The terms of a covenant not to compete in the employment context are critical to its enforceability. An excellent resource to help you become familiar with noncompete cases and covenant terms is chapter 15, "Post Employment Competition," in Wisconsin Employment Law, published by the State Bar of Wisconsin (3rd Edition, 2004). Follow these steps when drafting covenants not to compete in the employment context.
Wisconsin Lawyer
Vol. 79, No. 5, May
2006
Hints to Drafting Enforceable Covenants Not to Compete
Employment Context
The terms of a covenant not to compete in the employment context are
critical to its enforceability. An excellent resource to help you become
familiar with noncompete cases and covenant terms is chapter 15, "Post
Employment Competition," in Wisconsin Employment Law, published
by the State Bar of Wisconsin (3rd Edition, 2004). Follow these steps
when drafting covenants not to compete in the employment context:
- Thoroughly investigate the employer's business and the jobs of the
employees who will be asked to sign the covenant. What interests is the
employer seeking to protect? What information and experience will the
employee obtain that can be used to compete with the employer?
- Ensure that the covenant contains the contractual element of
consideration. With current employees, it may be wise to condition a
promotion, bonus, or other compensation on the execution of a
covenant.
- It is not sufficient to merely tailor the covenant to the particular
type of business or the particular employer. You need to consider each
type of employee, and each individual employee, because what is a
reasonable covenant for one type of employee or individual employee may
not be reasonable for another. For example, many insurance companies
will want to prevent both sales people and managers from competing, but
each type of employee has access to different information and has
different relationships to the business's customers. As a result, a
covenant that is reasonable for managers will not necessarily be
reasonable for sales people, and vice versa.
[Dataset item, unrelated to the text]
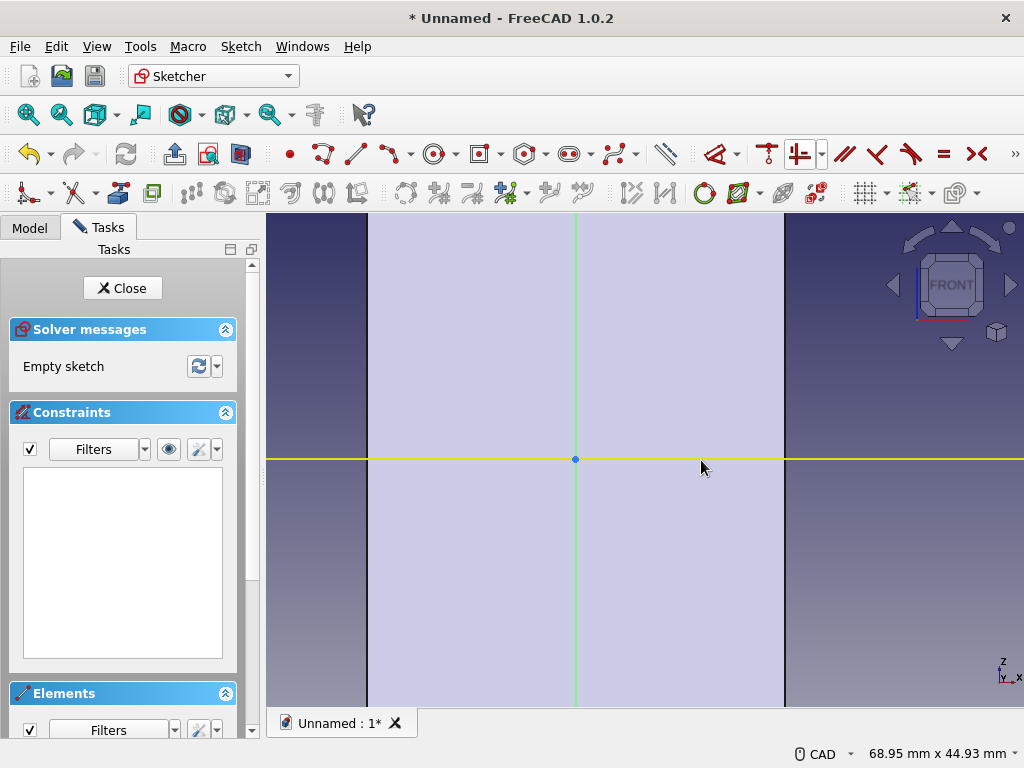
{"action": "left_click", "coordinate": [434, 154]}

- Use a separate agreement to cover items of information that qualify
as trade secrets under the Uniform Trade Secrets Act, Wis. Stat. section
134.90. In contrast to Wis. Stat. section 103.465, which covers
covenants not to compete, the Uniform Trade Secrets Act protects trade
secrets regardless of any time or geographic limits.
- When possible, use a traditional noncompete. The statute governing
employee covenants not to compete is directed at the traditional
noncompete, and trial courts find these types of agreements the easiest
to understand. In contrast to a traditional noncompete, enforceable
confidentiality and nonsolicitation agreements are more difficult to
structure.
- Draft the covenant narrowly to increase the likelihood that it will
be enforced. Inform your client that the mere existence of a covenant
not to compete oftentimes is enough to intimidate an employee from
competing.
Business Context
The terms of a covenant not to compete in the business sale context
usually are not crucial, because: 1) often the seller is retiring, or at
least retiring from the type of business being sold, and therefore is
not particularly concerned about the terms and almost never ends up
competing with the buyer; and 2) the court has the discretion to amend
the covenant and will enforce it "to the extent necessary and reasonable
under the circumstances."
Follow these steps when drafting covenants not to compete in the
business sale context:
- If the seller will remain in business in the same geographic area as
the buyer, carefully draft the definition of the business in which the
seller is prohibited from being involved to protect both parties'
interests.
- Use the traditional noncompete for the sale of a business with a
local customer base, such as a restaurant. It usually is not necessary
to include nonsolicitation or confidentiality clauses with these
sales.
- With businesses whose customers do not come from a defined
geographical area, such as Internet-based businesses, use of a
nonsolicitation covenant, a confidentiality covenant, or a combination
of the two may be necessary to protect the parties' interests. In sales
of these types of business, it is critical to define which customers are
not to be solicited and what information the seller cannot use.